Find words in maze

Find words in a maze

We learned basics of tries in last post. Let’s see if we could apply some of those properties in solving some real problems. Today’ problem at hand is to find all the words which are present in a maze of characters of size NxN. The condition is that characters of words should be adjacent to each other either horizontally or vertically.
For example, below maze contains cat, dog and word words in it.

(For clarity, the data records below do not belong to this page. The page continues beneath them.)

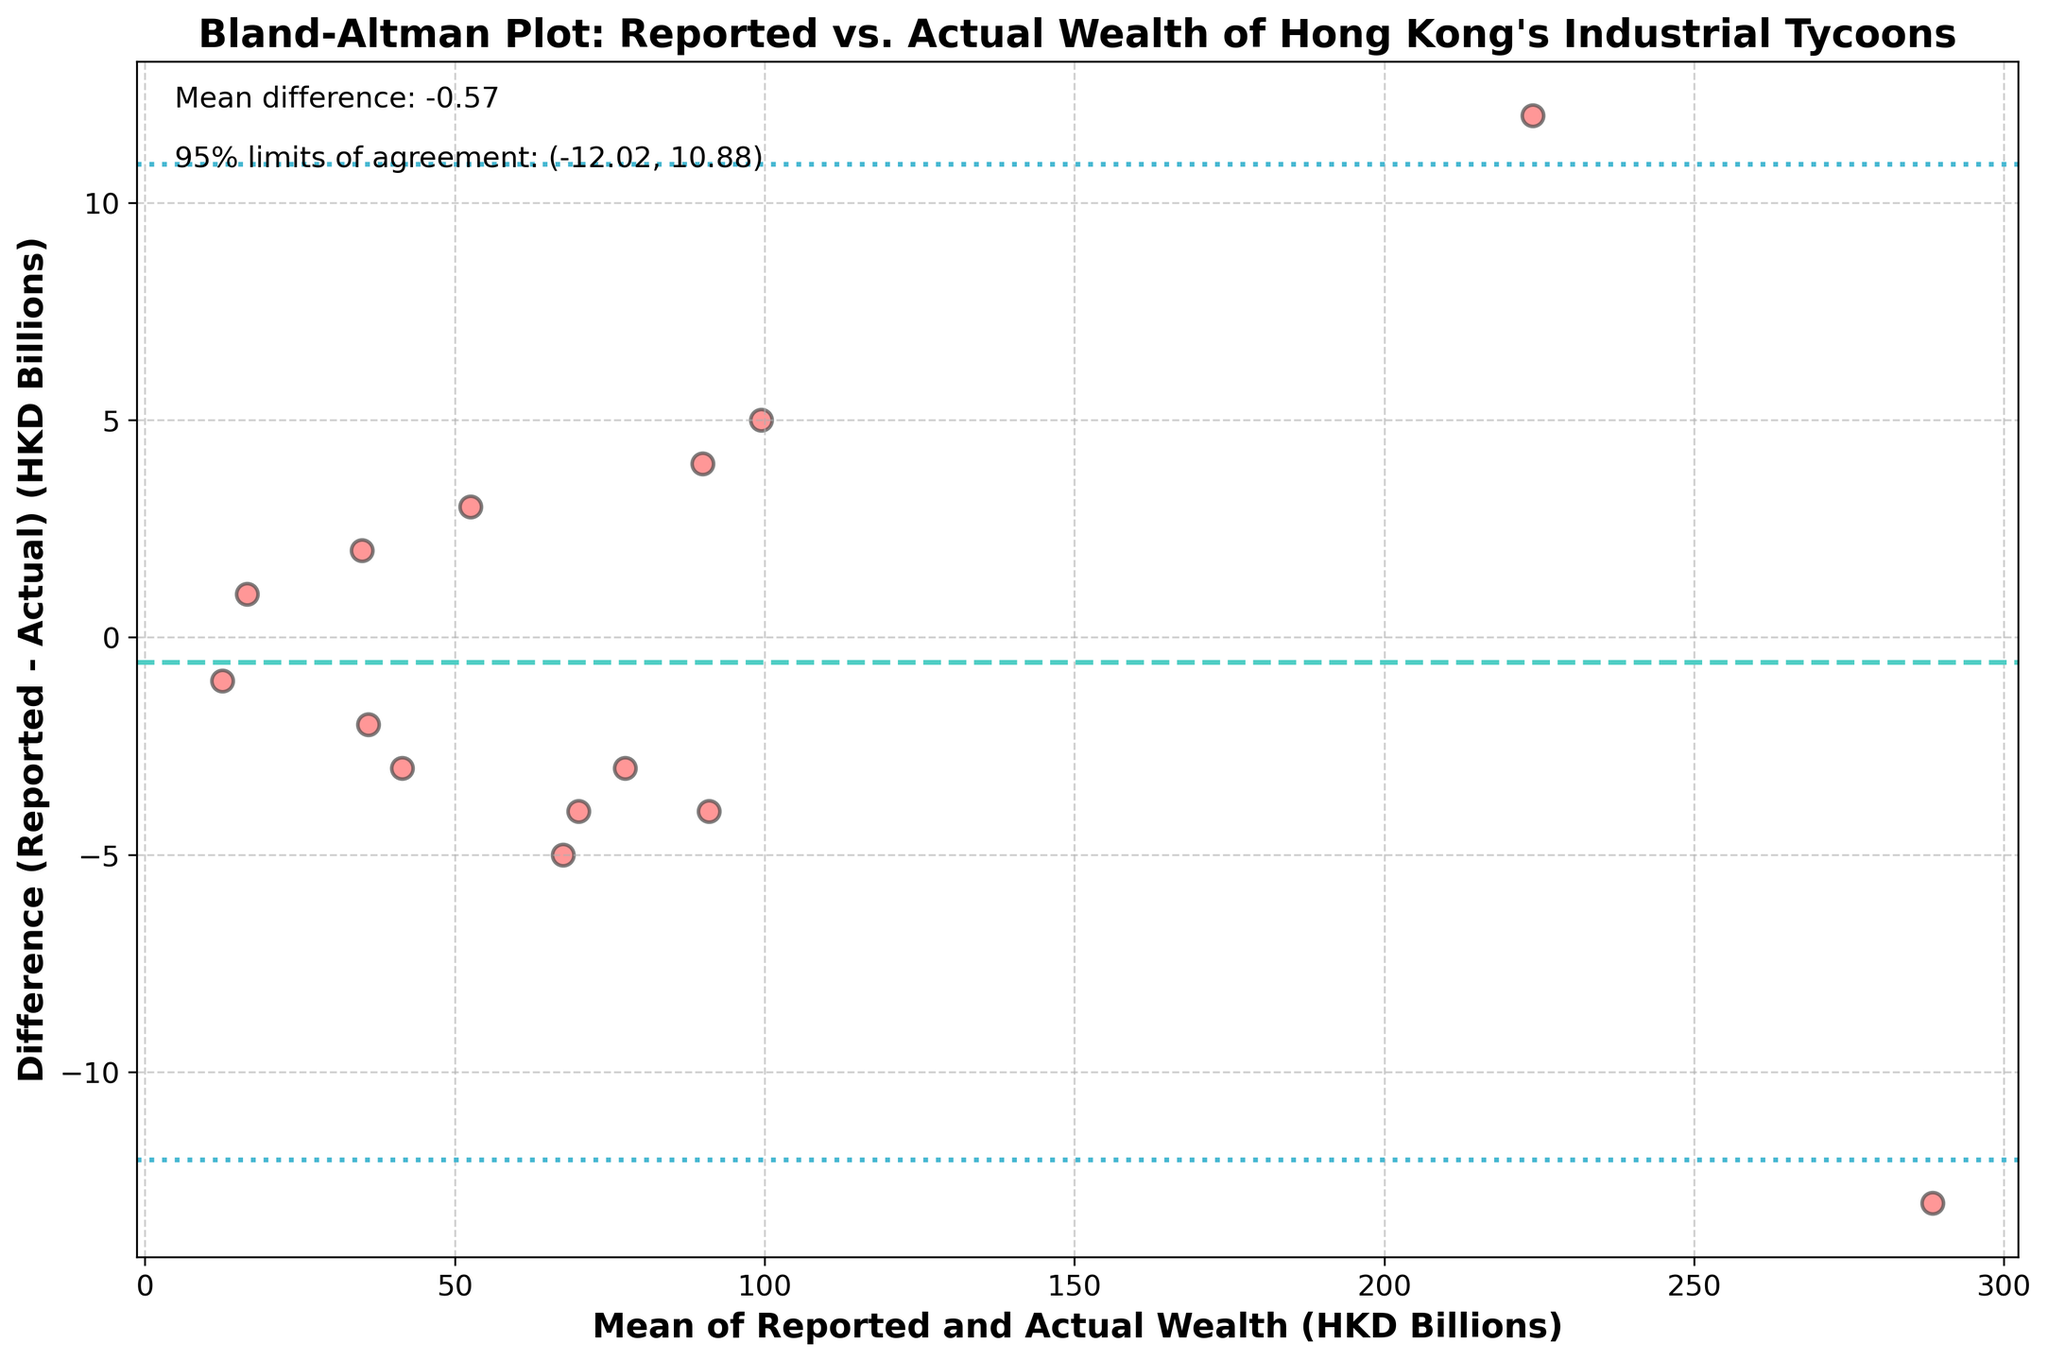What's the title of the figure? The title is usually placed at the top of the figure. It provides a summary of what the plot is about.
Answer: Bland-Altman Plot: Reported vs. Actual Wealth of Hong Kong's Industrial Tycoons What do the x and y axes represent? The x-axis label is "Mean of Reported and Actual Wealth (HKD Billions)" indicating the average of the reported and actual wealth values for each tycoon. The y-axis label is "Difference (Reported - Actual) (HKD Billions)" which indicates the difference between reported and actual wealth values.
Answer: x-axis: Mean of Reported and Actual Wealth (HKD Billions); y-axis: Difference (Reported - Actual) (HKD Billions) How many data points are displayed in the plot? Counting the number of scatter plot points is as simple as checking for each discrete dot in the plot. There are 14 tycoons listed, so there are 14 data points.
Answer: 14 What is the mean difference between the reported and actual wealth? The mean difference is typically indicated with a horizontal line on the plot, along with text annotations. It can be found near the bottom left of the plot stated as "Mean difference".
Answer: 0.07 What are the 95% limits of agreement? The 95% limits of agreement show the range within which the differences between the reported and actual values fall for 95% of the observations. These are indicated by the dashed lines above and below the mean difference line and noted in the text annotation.
Answer: (-5.58, 5.71) Which tycoon has the largest positive difference between reported and actual wealth? By observing the y-axis values of the scatter points, you can identify the tycoon with the highest positive difference. Check the tooltip or legend linked to each point.
Answer: Joseph Lau Which tycoon has the largest negative difference between reported and actual wealth? Similarly, find the tycoon associated with the scatter point with the most negative y-axis value.
Answer: Robert Kuok What does a point above the mean difference line represent? A point above the mean difference line indicates that the reported wealth is higher than the actual assets, as the y-axis shows the difference (Reported - Actual).
Answer: Reported wealth > Actual assets What does a point below the mean difference line represent? A point below the mean difference line indicates that the reported wealth is less than the actual assets, as the y-axis shows the difference (Reported - Actual).
Answer: Reported wealth < Actual assets Which tycoon falls on the mean difference line and what does it indicate? Look at the scatter points placed directly on the mean difference line. It indicates that the reported wealth is very close to the actual assets.
Answer: Run Run Shaw

What is the brute force solution? Simple, find all the words which can be formed using these characters in maze starting of length 1 to N*N. For each word check if the given dictionary contains the word, if yes, store that word in the result.
What is the search space here? There will be (n2!) words to be looked into the dictionary. Not a practical solution. Optimizing search in the dictionary using sorting and binary search will not be of much help. (Good point to mention at interview though).
So how can we reduce the search space? Let’s first take an example and see what is happening in the brute force approach.
If we look closely, we are checking string length N, even though we already know that N-1 character string leading to it is not a valid string. Can we avoid it? Yes, using tries. This is how we can do it.

Store all words in the given dictionary in a trie. If there is no prefix in trie with length = i; there cannot be the word with i+1 length having this prefix of length i. So just abort the lookup of words with this prefix. Else increase the string length by 1 and repeat the above step. Trie fits perfectly in this algorithm as we are dealing with prefixes. We need to keep track that what we have already visited and if there can be more words with the visited prefix. If we take the example of the above maze, we start from ‘a’, as we see that there is no word starting with ‘a’ in trie by looking at children array of the root, we can safely avoid calculating words starting with ‘a’ of any length from there.

Find words in a maze : Implemenetation


#define N 4

int search_key(Node *current, char key){
   int index  =  GET_CHAR_INDEX(key);

   if(current->children[index] == NULL) return false;

   return true;

enum direction {
        NORTH =1,

void update_params(int row, int col, int *new_row, int *new_col, int dir){
      case NORTH:
           *new_row = --row;
           *new_col = col;
      case SOUTH:
           *new_row = ++row;
           *new_col = col;
      case LEFT:
           *new_col =  ++col;
           *new_row = row;
      case RIGHT:
           *new_col =  --col;
           *new_row = row;

void find_words_wrapper(trie *t, char maze[][N]){

  int i,j,len, prefix_found = false;
  for(i=0; i<N; i++){
     for(j=0; j<N; j++){

    /*Consider all length words which can be formed stating with maze[i][j] char */

      for(len =1; len <N*N; len++){
        /* To check if we need to check for further length 
           1. if prefix_found = false, don't check, 
           no words possible for larger length 
           2. if prefix_found = true, continue looking*/

           prefix_found = false;

           /* If finally reached at the leaf of trie starting 
              with maze[i][j] and length = len */

              if(find_words(t->root, maze, len,i,j, &prefix_found)){
                 printf(" Word found at (%d %d)\n", i,j);
              else if(prefix_found == false)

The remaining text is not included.